Transcription with timestamps:


[00:00:59] Mr. Quilter is the apostle of the middle classes and we're glad to welcome his
gospel.
[00:06:00] Nor is Mr. Quilter's manner less interesting than his matter.
[00:11:00] He tells us that at this festive season of the year, with Christmas and roast
beef looming before us, similes drawn from eating and its results occur most
readily to the mind.
[00:23:00] He has grave doubts whether Sir Frederick Leighton's work is really Greek after
all, and can discover in it but little of rocky Ithaca.
[00:33:00] Lannel's pictures are a sort of upguards and Adam paintings, and Mason's
exquisite idylls are as national as a jingo poem.
[00:44:00] Mr. Birket Foster's landscapes smile at one much in the same way that Mr.
Carruthers used to flash his teeth.
[00:52:00] And Mr.
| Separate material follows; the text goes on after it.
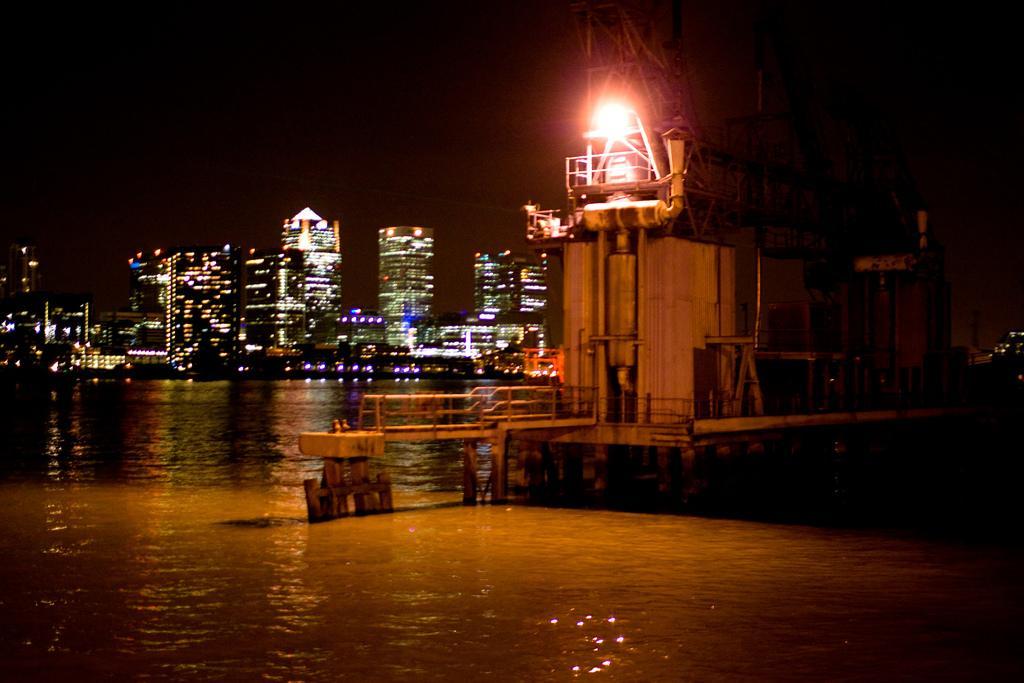Describe this image in one or two sentences. In this picture we can see water, an object and behind the water, there are buildings with lights.

John Collier gives his sitter a cheerful slap on the back before he
says, like a shampooer in a Turkish bath, next man.


## Translation

Gemini can also translate between many languages:

In [12]:
# Multi-speaker transcription
# The translation is:
# It is very easy to use. Continue listening.
with open("italian.mp3", "rb") as f:
    audio_bytes = f.read()


response = client.models.generate_content(
    model="gemini-2.5-flash-lite",
    contents=[
        "Translate this audio to English",
        types.Part.from_bytes(
            data=audio_bytes,
            mime_type="audio/mp3",
        )
    ]
)

display(Audio(audio_bytes))
print("Translation:")
print(textwrap.fill(response.text, width=80))

Translation:
It's very easy to use. Keep listening.